Safety campaign group Progressive Rugby has claimed HIA checks are “being exposed” in the wake of Johnny Sexton’s selection for Ireland’s second Test against New Zealand.
Talismanic fly-half Sexton failed HIA1 – an on-field assessment – in Ireland’s 42-19 defeat by the All Blacks in Auckland last weekend.
Progressive Rugby has called into question Sexton’s subsequent selection for Saturday’s second Test in Dunedin, raising fears over the HIA process.
But World Rugby has stressed that failing the HIA1 on-field assessment does not automatically mean a player has sustained concussion.
“It is the duty of any individual or organisation commenting on the Head Injury Assessment process to do so using the facts,” a World Rugby spokesperson told the PA news agency.
“Attempting to diagnose a serious medical condition like concussion from afar, without all the relevant information including a player’s medical history, is irresponsible and no substitute for the world-leading medical care received by elite rugby players.
“Doctors are supported by the Head Injury Assessment and recently updated return-to-play protocols put in place by World Rugby.
“These protocols are developed using scientific evidence and independent expert opinion which are kept under constant review, as we never stand still on player welfare.”
Sexton was withdrawn after slipping and colliding with Sam Kane in Saturday’s first Test defeat, with the 36-year-old not returning after his HIA1 check.
The full HIA process involves three steps, and Sexton later passed both HIA2 and HIA3 before being cleared to return to play this coming weekend.
Progressive Rugby has questioned Sexton’s return, but World Rugby has moved to defend the head-injury check process.
“Concussion in elite rugby is formally diagnosed by qualified doctors via the HIA2 and HIA3 assessments as part of the Head Injury Assessment protocol, with the exception of any player displaying obvious symptoms who will be immediately removed from play,” said a World Rugby spokesperson.
“The in-game HIA1 off-field assessment combines video review and clinical observation to determine suspected concussion and informs the need to remove a player as a precaution.
“Any player who had not displayed obvious concussion symptoms and who compares to a pre-recorded baseline on HIA2 and HIA3 assessments, which take place two and 36 hours after an incident respectively, is deemed by medical professionals to be clear of concussion.
“There is an open and frank discussion about head injury in rugby which is to be welcomed.
“Everyone wants the game to be the safest it can possibly be, and to encourage new players to benefit from all the good that rugby does.
“It should be reiterated that the Head Injury Assessment process only applies to elite rugby where there is an extremely high level of constant medical care.
“Such an environment is not possible at the community level and anyone who suspects a concussion should seek medical advice immediately as per World Rugby guidelines.”
Safety group Progressive Rugby insists, however, that any failure of HIA1 should lead medics to treat the player’s future participation with “extreme caution”.
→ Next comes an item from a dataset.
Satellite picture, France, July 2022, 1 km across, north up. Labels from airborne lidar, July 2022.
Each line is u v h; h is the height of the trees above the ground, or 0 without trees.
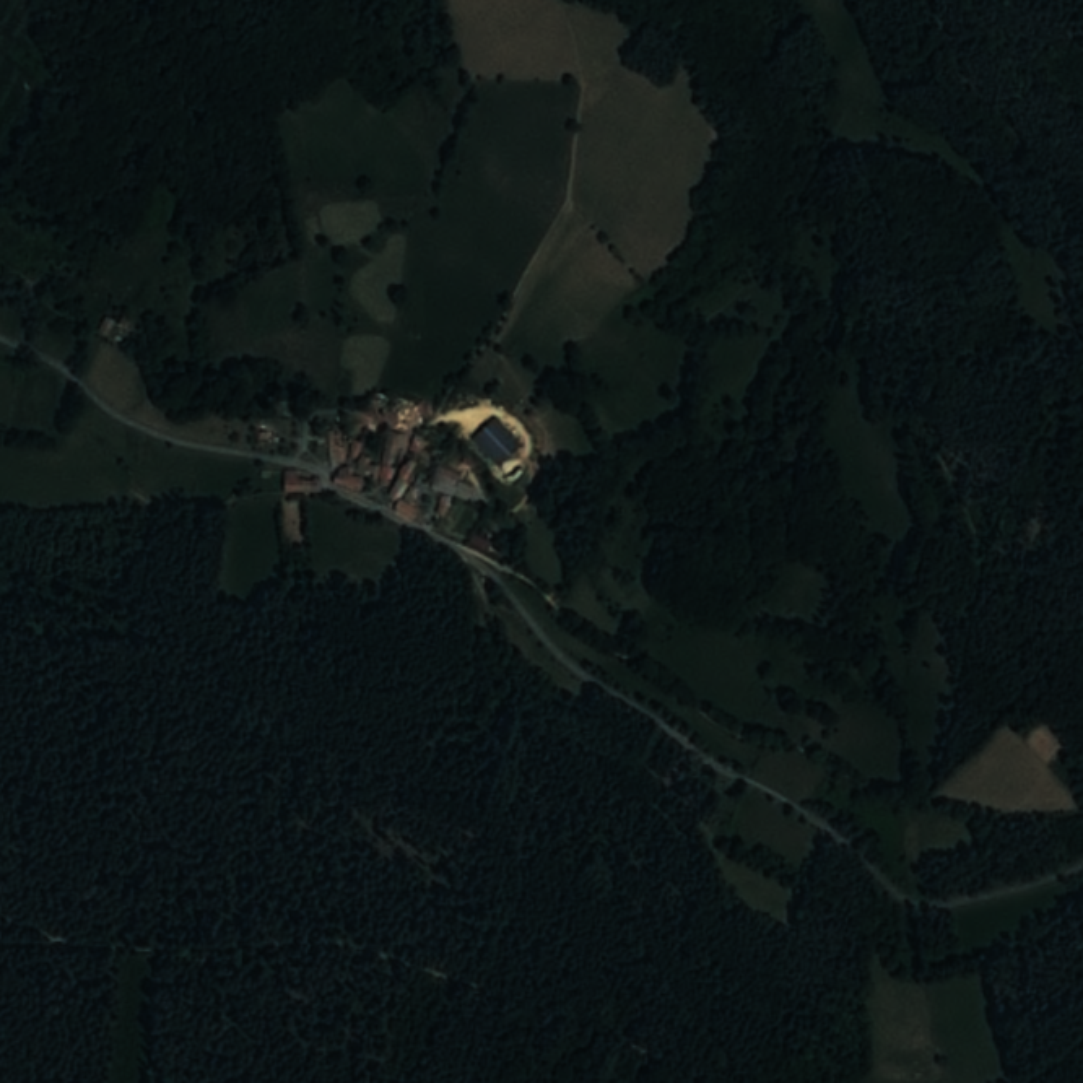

“Elite players who fail an in-game HIA1 have, by definition, displayed cognitive dysfunction requiring their removal,” said a Progressive Rugby spokesperson.
“In our view, this is sufficient evidence, regardless of subsequent testing, to exercise extreme caution for the good of both their short and long-term health.
“This caution must be further amplified in players with a history of brain injury, as evidence is they are at higher risk of sustaining further concussions and other injuries.
“Regrettably, the HIA is being exposed. Last week the process again failed to diagnose a clear and obvious brain injury (Jeremy Loughman), while three days later we are told it has identified a phantom one (Sexton).
“The fact is there remains no examination by any expert that can demonstrate a brain has healed and is not at risk of further damage. As such, if player welfare is truly the game’s number one priority, the only option must be to err on the side of caution – otherwise the new elite protocols are failing in their key purpose.”